By Melissa Breyer for Care2.com
In a new paper by USC researchers, bad eating habits were shown to persist even when the food didn’t taste very good; but the best nugget of the study, perhaps, is the revelation of a surprisingly easy way in which to counter bad eating habits.
Researchers gave people entering a movie theater a bucket of either just-popped popcorn or week-old popcorn. People who don’t generally eat popcorn during movies ate much less of the stale popcorn, but moviegoers who indicated that they typically had popcorn at the movies ate about the same amount of popcorn whether it was fresh or stale. The conclusion: for people accustomed to eating popcorn at the movies, it made no difference whether the popcorn tasted good or not.
“When we’ve repeatedly eaten a particular food in a particular environment, our brain comes to associate the food with that environment and make us keep eating as long as those environmental cues are present,” said lead author David Neal, who was a psychology professor at USC when the research was conducted.
“People believe their eating behavior is largely activated by how food tastes. Nobody likes cold, spongy, week-old popcorn,” said corresponding author Wendy Wood, Provost Professor of Psychology and Business at USC. “But once we’ve formed an eating habit, we no longer care whether the food tastes good. We’ll eat exactly the same amount, whether it’s fresh or stale.”
According to a press release for the paper, the researchers also gave popcorn to a control group watching movie clips in a meeting room, rather than in a movie theater. In the meeting room, a space not usually associated with popcorn, it mattered a lot if the popcorn tasted good. Outside of the movie theater context, even habitual movie popcorn eaters ate much less stale popcorn than fresh popcorn, demonstrating the extent to which environmental cues can trigger automatic eating behavior.

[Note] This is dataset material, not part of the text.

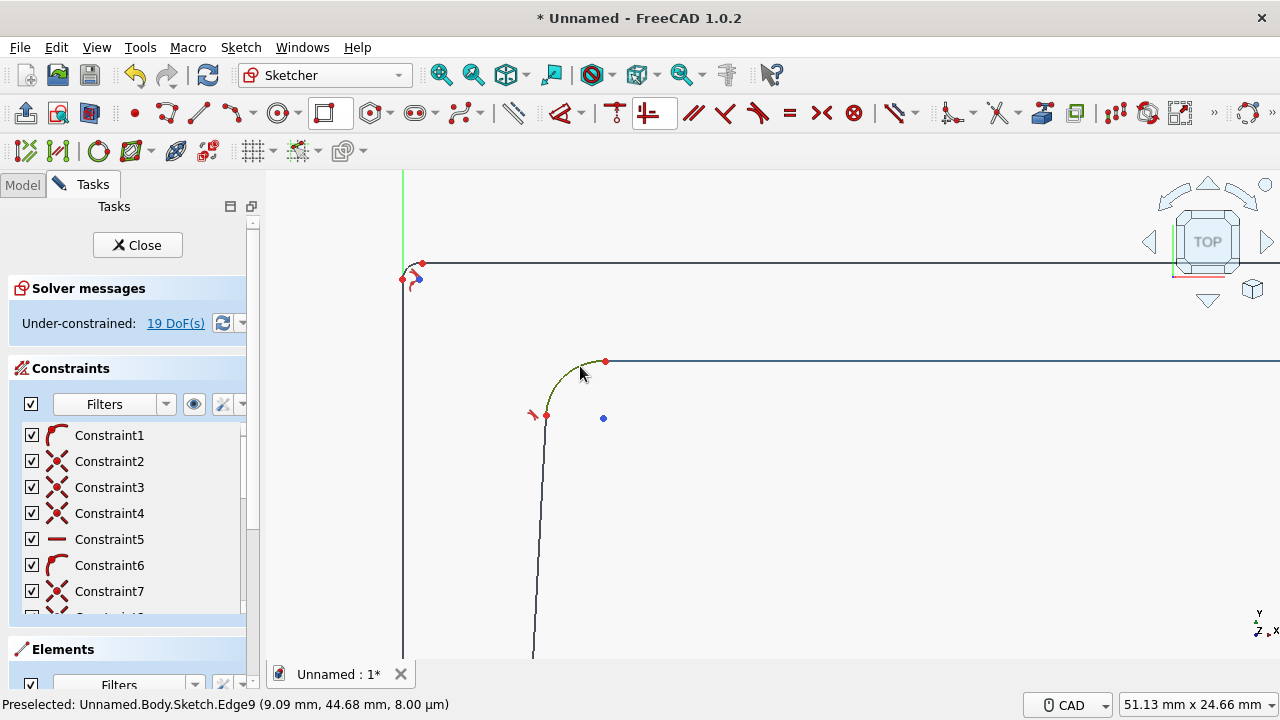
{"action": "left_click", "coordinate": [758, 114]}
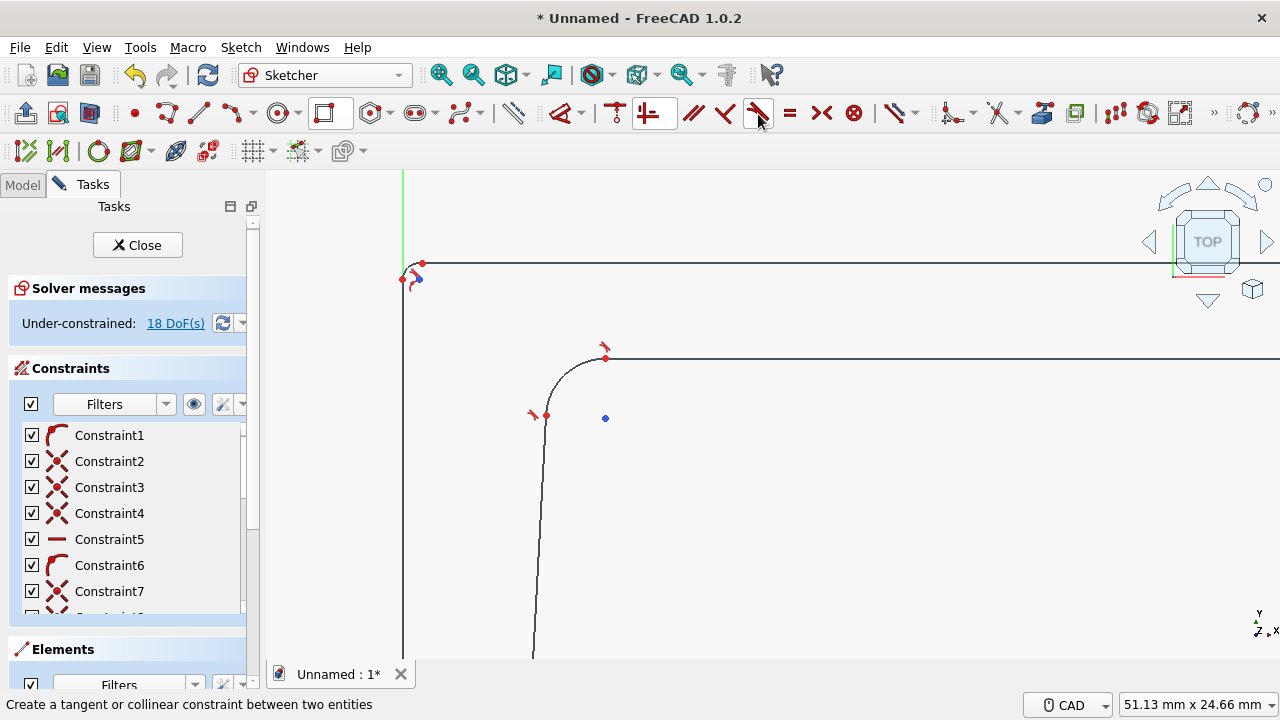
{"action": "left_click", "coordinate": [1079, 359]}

“The results show just how powerful our environment can be in triggering unhealthy behavior,” Neal said. “Sometimes willpower and good intentions are not enough, and we need to trick our brains by controlling the environment instead.”
Also surprising is what researchers found by testing a simple disruption of automatic eating habits: Once again with stale and fresh popcorn, the researchers asked moviegoers to eat popcorn either with their dominant or non-dominant hand.
When using the non-dominant hand, moviegoers ate much less of the stale than the fresh popcorn, and this worked even for those with strong eating habits. Using the non-dominant hand disrupted eating habits to cause people to pay attention to what they were eating.
Could mindful eating be as simple as switching hands?